Exercise requirements |
Leave the pictures out. Transcribe exactly every line from the start of the records through the one containing "Provide a succinct".

[Stored items]
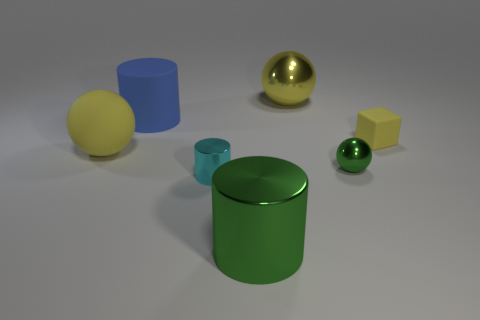There is a large yellow metallic thing; are there any tiny matte objects on the left side of it?
Your answer should be very brief. No. Is the shape of the large blue thing the same as the tiny object on the left side of the green cylinder?
Keep it short and to the point. Yes. What number of other objects are there of the same material as the blue object?
Offer a terse response. 2. There is a metal thing behind the blue object that is behind the yellow rubber thing left of the green metallic cylinder; what is its color?
Provide a succinct answer. Yellow. The large metallic object that is in front of the tiny cyan thing on the left side of the large metallic cylinder is what shape?
Your answer should be compact. Cylinder. Is the number of matte objects to the right of the tiny metallic sphere greater than the number of gray shiny balls?
Make the answer very short. Yes. There is a cyan metal thing that is in front of the rubber block; does it have the same shape as the big blue object?
Offer a very short reply. Yes. Are there any brown metal objects of the same shape as the small cyan shiny object?
Your answer should be very brief. No. What number of things are either matte objects that are right of the green cylinder or tiny gray metal objects?
Your answer should be compact. 1. Is the number of small matte blocks greater than the number of big yellow metallic blocks?
Give a very brief answer. Yes. 
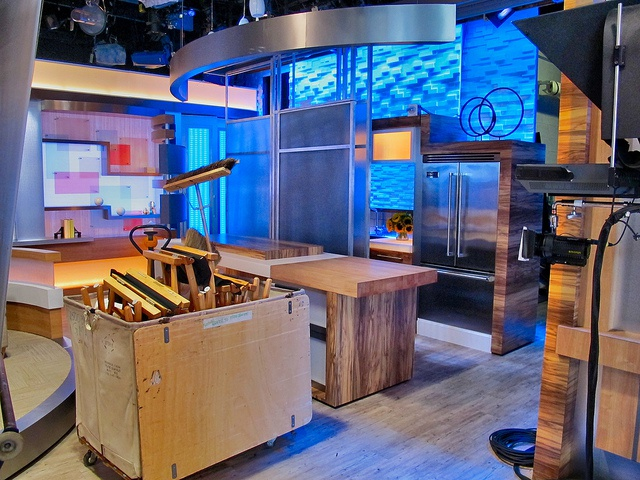Describe the objects in this image and their specific colors. I can see refrigerator in black, navy, purple, and gray tones and vase in black, maroon, brown, lightpink, and gray tones in this image. 
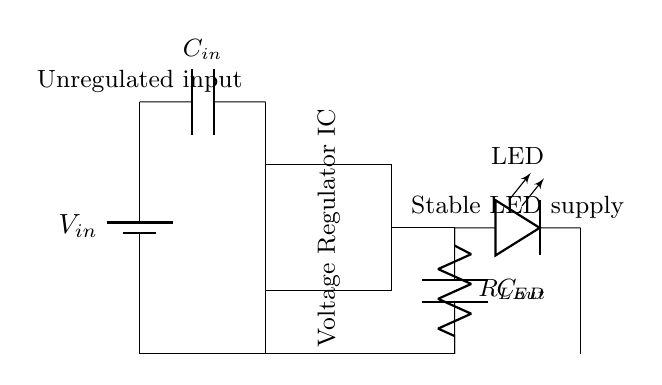What is the type of the power supply in this circuit? The power supply is identified as a battery, as indicated by the symbol that represents a voltage source.
Answer: Battery What does the voltage regulator IC do? The voltage regulator IC stabilizes the voltage output, ensuring that the LED receives a consistent voltage regardless of input fluctuations.
Answer: Stabilizes voltage What are the components connected to the output of the voltage regulator? The output of the voltage regulator connects to a resistor labeled R_LEDS and an LED, which draws current from the regulated voltage.
Answer: Resistor and LED How many capacitors are present in this circuit? There are two capacitors connected in the circuit: one at the input and one at the output.
Answer: Two Why is C_out important in this circuit? The output capacitor C_out helps filter the voltage, smoothing out any fluctuations and ensuring the LED receives stable power, which is critical for its operation.
Answer: Filters voltage What does R_LED represent in the circuit? R_LED is a resistor that limits the current, protecting the LED from receiving too much current which could damage it.
Answer: Current limiter What is the function of C_in in this circuit? C_in acts as a filter capacitor that helps smooth out the voltage from the input power supply before it enters the voltage regulator, improving stability and performance.
Answer: Smooths voltage 
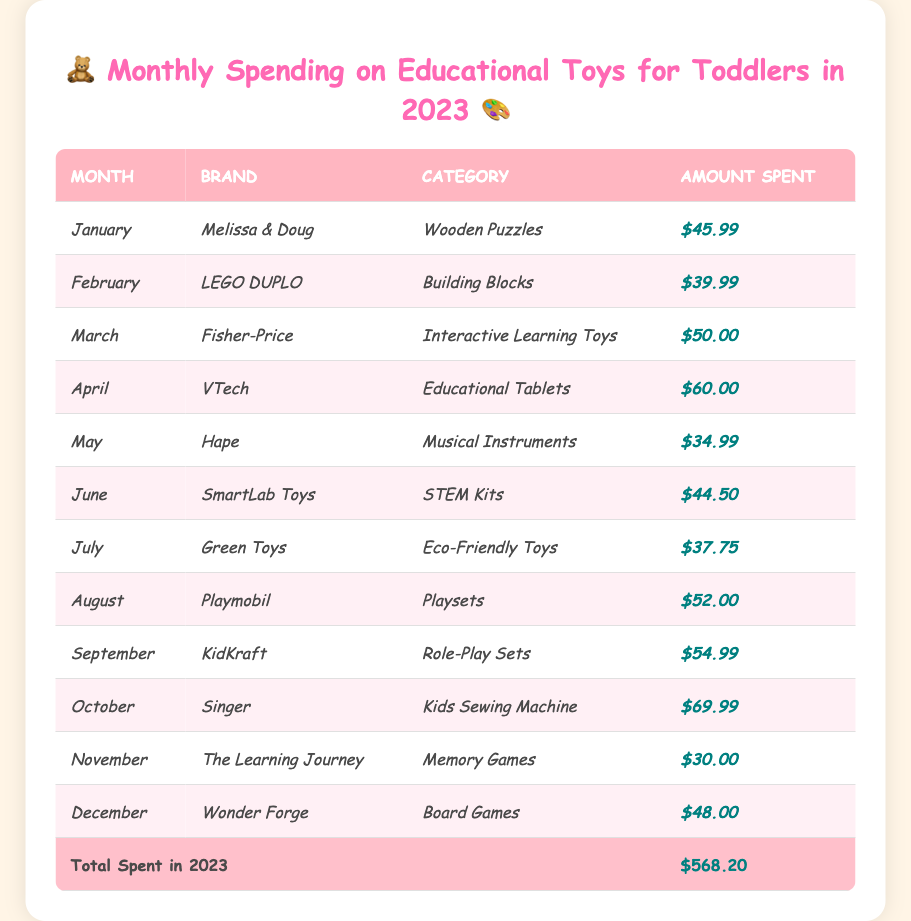What was the highest amount spent on a single toy in 2023? The highest amount spent is $69.99 for the Kids Sewing Machine in October.
Answer: $69.99 Which month saw the least amount spent on educational toys? The least amount spent was $30.00 in November for Memory Games.
Answer: $30.00 What is the total amount spent on educational toys by July? The amounts spent from January to July are: $45.99 (Jan) + $39.99 (Feb) + $50.00 (Mar) + $60.00 (Apr) + $34.99 (May) + $44.50 (Jun) + $37.75 (Jul) = $363.22.
Answer: $363.22 What is the average monthly spending on educational toys for the entire year? The total spending for the year is $568.20, and dividing by 12 months gives an average of $568.20 / 12 ≈ $47.35.
Answer: $47.35 Did spending increase from March to April? The amount spent in March was $50.00 and in April was $60.00, indicating an increase of $10.00.
Answer: Yes How much was spent on interactive learning toys? The only entry for interactive learning toys is $50.00 from Fisher-Price in March, so the total spent is $50.00.
Answer: $50.00 Which brand had the highest expenditure in a single month? October had the highest expenditure of $69.99 on a Kids Sewing Machine from the brand Singer.
Answer: Singer What was the total amount spent on STEM Kits and Educational Tablets combined? The amount spent on STEM Kits was $44.50 and on Educational Tablets was $60.00, so the total is $44.50 + $60.00 = $104.50.
Answer: $104.50 What category had the least amount spent in December? In December, $48.00 was spent on Board Games, and this is the only entry for that month, indicating it was the amount for that month.
Answer: Board Games What was the spending trend from January to December? The spending varied each month with increases in some months and decreases in others, ultimately totaling $568.20 for the year.
Answer: Mixed trend

Solution to this task |
There is a large yellow metallic thing; are there any tiny matte objects on the left side of it?
Your answer should be very brief. No. Is the shape of the large blue thing the same as the tiny object on the left side of the green cylinder?
Keep it short and to the point. Yes. What number of other objects are there of the same material as the blue object?
Offer a terse response. 2. There is a metal thing behind the blue object that is behind the yellow rubber thing left of the green metallic cylinder; what is its color?
Provide a succinct answer. Yellow. The large metallic object that is in front of the tiny cyan thing on the left side of the large metallic cylinder is what shape?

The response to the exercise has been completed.